Già, perché il disegno era il vero fondamento dell’arte. Scriveva nel 1548 l’eccentrico pittore Pontormo in una lettera a Benedetto Varchi in merito alla disputa su «quale sia più nobile, la pittura o la scultura»: «una cosa sola c’è che è nobile, che è el suo fondamento: e questo si è el disegno». E non solo per i toscani, ma per tutti i grandi artisti, veneti, padani, umbri, o di altre aree, come dimostrano i fogli esposti, dal levigato Suonatore di “diaoulos” del ferrarese Lorenzo Costa alla Madonna in trono, martiri e angeli dei veneziani Vittore e Benedetto Carpaccio ad altri ancora.

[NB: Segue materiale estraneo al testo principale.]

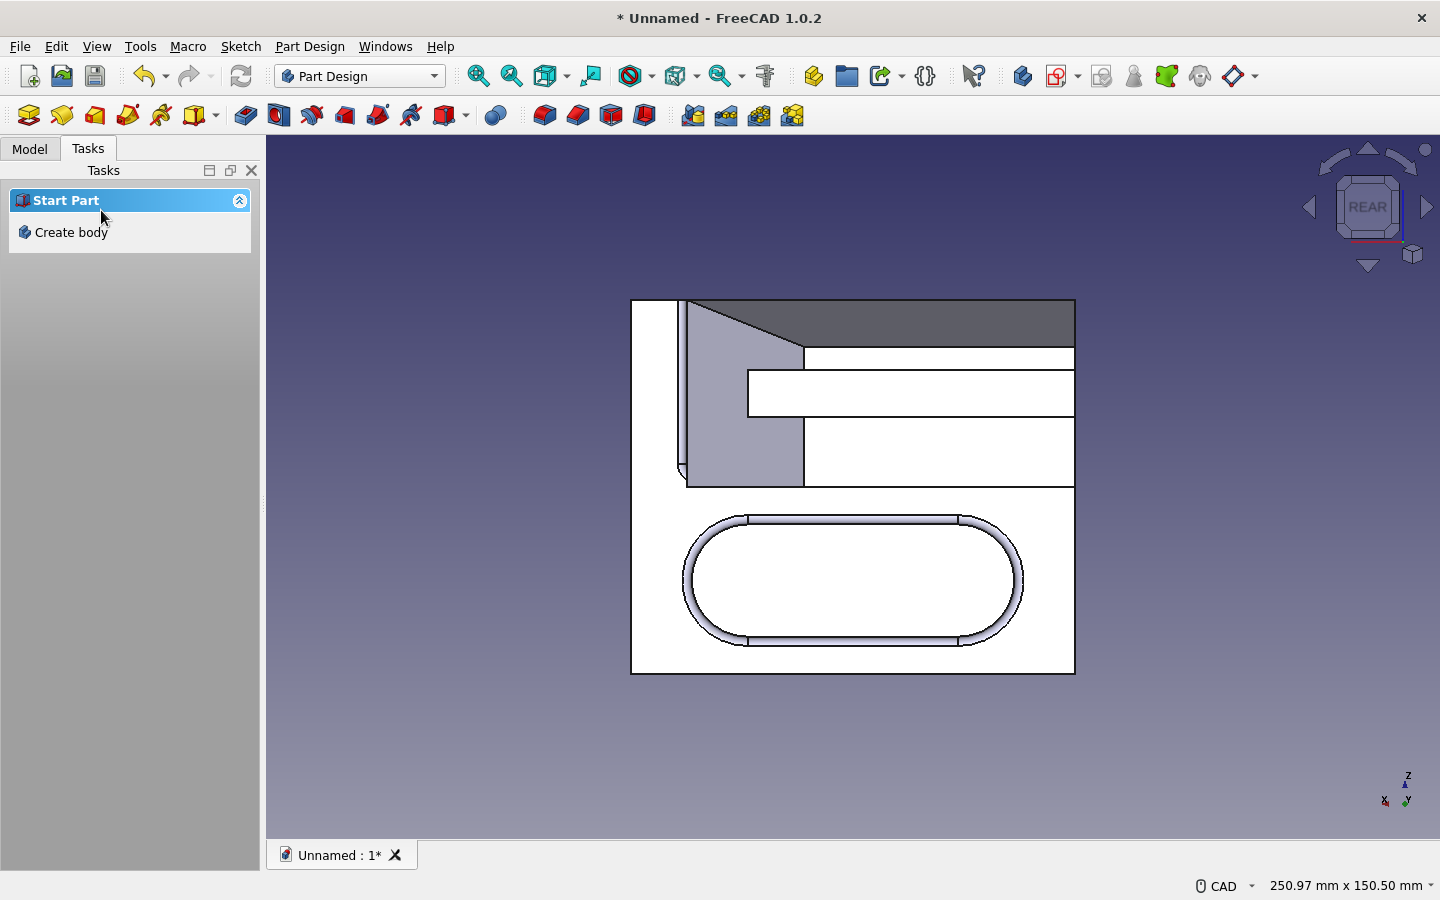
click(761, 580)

Capolavori e fogli di bottega, spesso utilizzati anche da artisti diversi, rappresentano il vivace repertorio delle botteghe del tempo: studi preparatori, schizzi, disegni dal naturale o dal modello, elaborazioni autonome, esercitazioni, copie e derivazioni. E, grazie alle indagini scientifiche svolte dai laboratori di restauro del Kupferstich-Kabinett e della Gemäldegalerie Alte Meister di Dresda, si conoscono adesso le tecniche raffinate e i materiali usati, dalle carte preparate e colorate alle punte metalliche, fatte con leghe d’argento, di stagno, d’oro, dagli inchiostri, ottenuti da cenere e fumo, alle penne e ai pennelli fini e sofisticati.
mtazartes@tiscali.it
LA MOSTRA
Botticelli, Verrocchio e oltre. Disegni italiani

del Quattrocento

nelle collezioni reali di Dresda
Firenze, Istituto Universitario olandese di Storia dell’arte, Viale Torricelli 5 (sino al 5 novembre).